Taiwan is collaborating with Singapore and Tokyo on AI traffic initiatives, sharing common problems and solutions. It is also working with smart cities in India on multi-camera tracking and AI governance standards.

On the policy front, the MOTC convened the first meeting of the Transportation AI Promotion Committee in August 2025 to translate AI’s potential into regulations and public services. The ministry outlined seven strategies, including strengthening AI data and infrastructure, promoting inclusive digital services, and cultivating diverse AI talent. Recognizing that transportation is considered a high-impact AI category globally, the ministry says it is drafting risk-classification guidance in line with the Executive Yuan’s AI Basic Act, now under legislative review.

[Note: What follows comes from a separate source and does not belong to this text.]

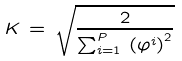Convert formula to latex. <formula><loc_0><loc_0><loc_500><loc_500>K \, = \, \sqrt { \frac { 2 } { \sum _ { i = 1 } ^ { P } \, \left ( \varphi ^ { i } \right ) ^ { 2 } } }</formula> 
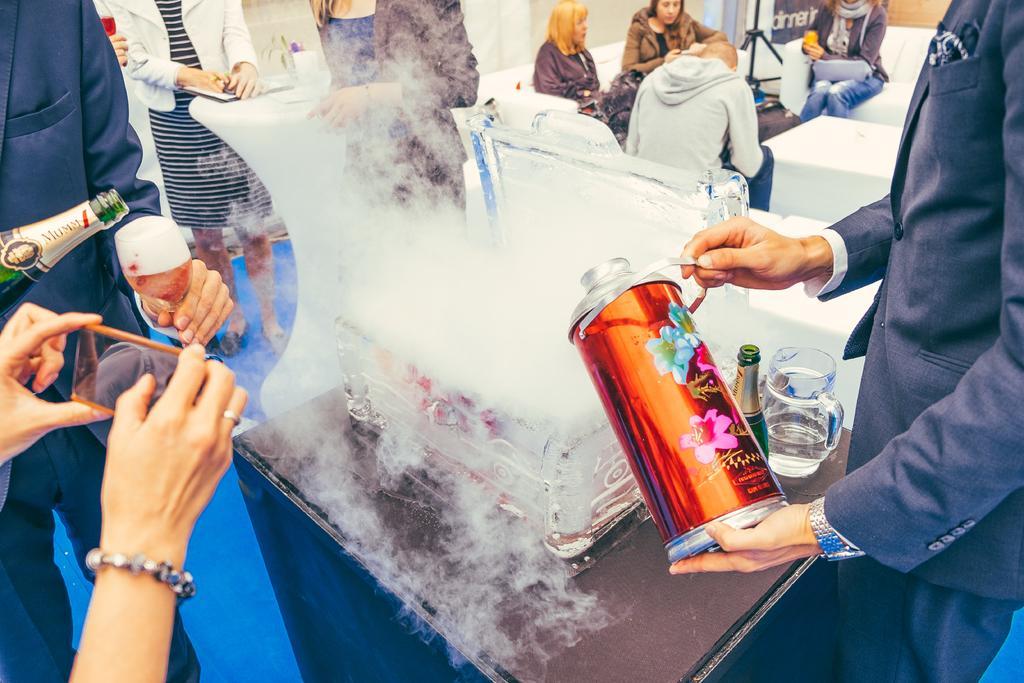Describe this image in one or two sentences. In the image in the center, we can see the smoke and few people are standing around the table. And they are holding some objects like, wine bottle, wine glass, phone, mug, etc.. On the table, we can see one container, mug and wine bottle. In the background there is a wall, stand, table, cloth and few people are sitting.

“Moving forward, we will continue to place people-centered transportation at the core while driving innovative AI applications to create a smarter, safer, and more sustainable future,” the MOTC told TOPICS.

While there is a rich variety of data-gathering methods, the MOTC faces the task of balancing short-term enforcement with longer-term planning around governance, AI infrastructure, and predictive analytics. Globally, Taiwan remains at the forefront of AI traffic innovations, with public–private cooperation pushing solutions into smart city planning and future traffic management.